一節 維摩 一日目 五 森虞と覚羅
維摩が帝宮に入ると、後ろから怖気た声で話しかけられた。
「あ、あのう」
維摩は声のした方へ振り向いて見ると、そこには同い歳ぐらいで見覚えがある女が一人、叱られるのを待っているような不安顔で立っていた。確か彼女、マヤ姫に付けられた女官の一人で、呼ばれていた名を『カクラ』いった。維摩は失礼があってはならないと思い、カクラに恭しく一礼した。
「これはカクラ様。如何されましたか」
高貴な気風を漂わせる維摩に、随分と気の抜けた声が返って来た。
「あ、えっ。あれぇ」
「如何致しましたか」
後で知ったのだが、どうやら彼女は維摩のことを雲の上のような身分と思っていたのだ。だが、維摩が馬鹿に丁寧な礼をしてくるので、抱いていた畏怖が困惑へと変化してしまったのである。
「あ、いえ……。と、とりあえず寝室は綺麗にしておい……おきましたので」
「御対応、感謝致します」
「いえ、それ程でも……えっと、これから私達の部屋に案内するので一緒に来て下さいませんか」
「失礼ですが、斎宮様の部屋に側付き用の一室が設けられていたと記憶しているのですが」
「姫殿下のお達しで、その部屋に触れること一切罷り成らない。と、こう仰ってまして……」
成程。あの部屋にはライナの床が敷いてある。これ以上、ライナの何も汚されたくないという理由から、女官にそう申し付けたのであろう。
「解りました。では斎宮様が御就寝なされる前に一度お目通りしてからで宜しいでしょうか」
「あ、あの、斎宮様は……今日はもう誰とも会いたくないと、そう……」
一瞬、その言葉を無視して差し上げようか、とも思った。しかし、それをやるとマヤ姫の意固地が悪化してしまいそうだったので、ここは素直に引いておくのが賢明であると思い直した。
「これはお恥ずかしい。左様な次第であれば仕方ありません。ご案内願います」
「はい。こちら……あ、違、こちらです」
維摩を自室に案内するつもりが、マヤ姫の客室へ足を運ぼうとしていたカクラ。彼女は維摩を自分の部屋に案内しようとした筈であったが、マヤのことについて少し会話をしただけで、頭の中で固まっていた筈の事柄が、何時の間にか溶融して他事と混ざってしまったのである。どうやら彼女、こういってはなんだが、要領の良くない人のようだ。

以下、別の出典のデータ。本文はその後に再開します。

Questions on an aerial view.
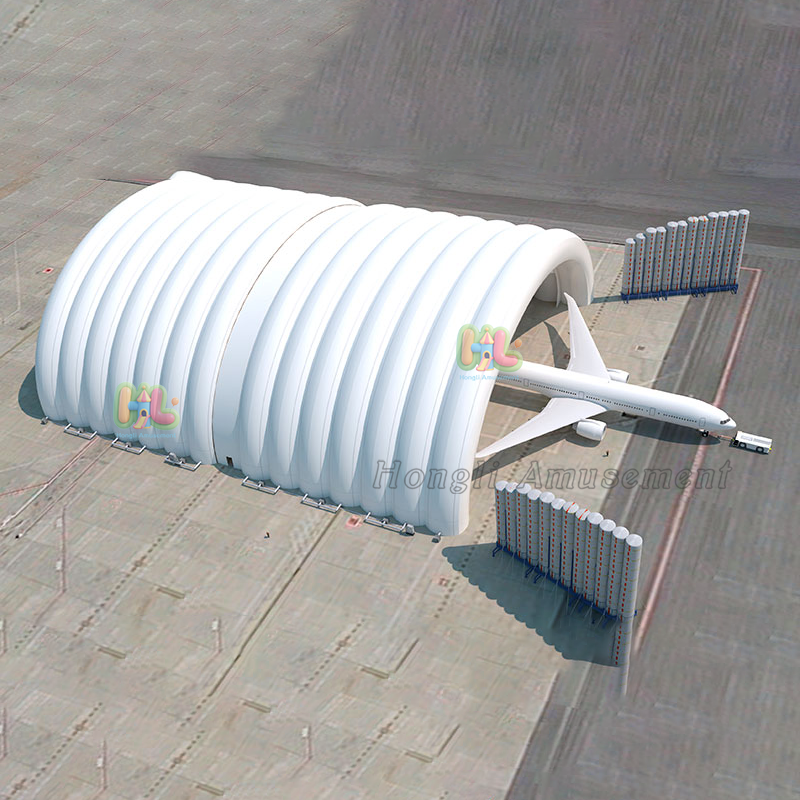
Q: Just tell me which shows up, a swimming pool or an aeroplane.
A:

拙い彼女の背中に付いて行くと、ある一室の前に到着し、その中へと維摩を誘った。
そこに足を踏み入れた維摩は、おお、と感嘆した。
マヤ姫の賓室には劣るものの、親那様式の豪華で重厚な装飾が惜しみなくあしらわれていた。重厚なる親那様式と聞くと、その色調に親那三色を想起させるが、それは親那様式であっても王侯のそれである。維摩の目を惹いたこれは、〇〇の時代に親那の中層が豊かになった時代に隆盛した、謂わば中層発出の装飾様式である。これは全体的に木材や土、深緑などの自然的な色彩ではあるが、装飾は細微に渡っていて、後で具に観察したところ四方の太い柱には親那の自然、主に草原と駒を彫り出していて、壁も落ち着いた色の石を重ね、中央に据えられた木の彫刻も、漆を塗っただけで彩色は無く、自然の色を保っている。それらを観察するに、驕気や軽薄の類は無く、重厚といってもそれは権力を現すものではなく、自然の威を示すものであった。しかし、石は半永久であるが、木材は流石に劣化を免れない。そのため、持ち込まれた一部の家具からは、時代ずれした近代の世俗的空気が放たれていて、それが自然に唾しているように思えて仕方なかった。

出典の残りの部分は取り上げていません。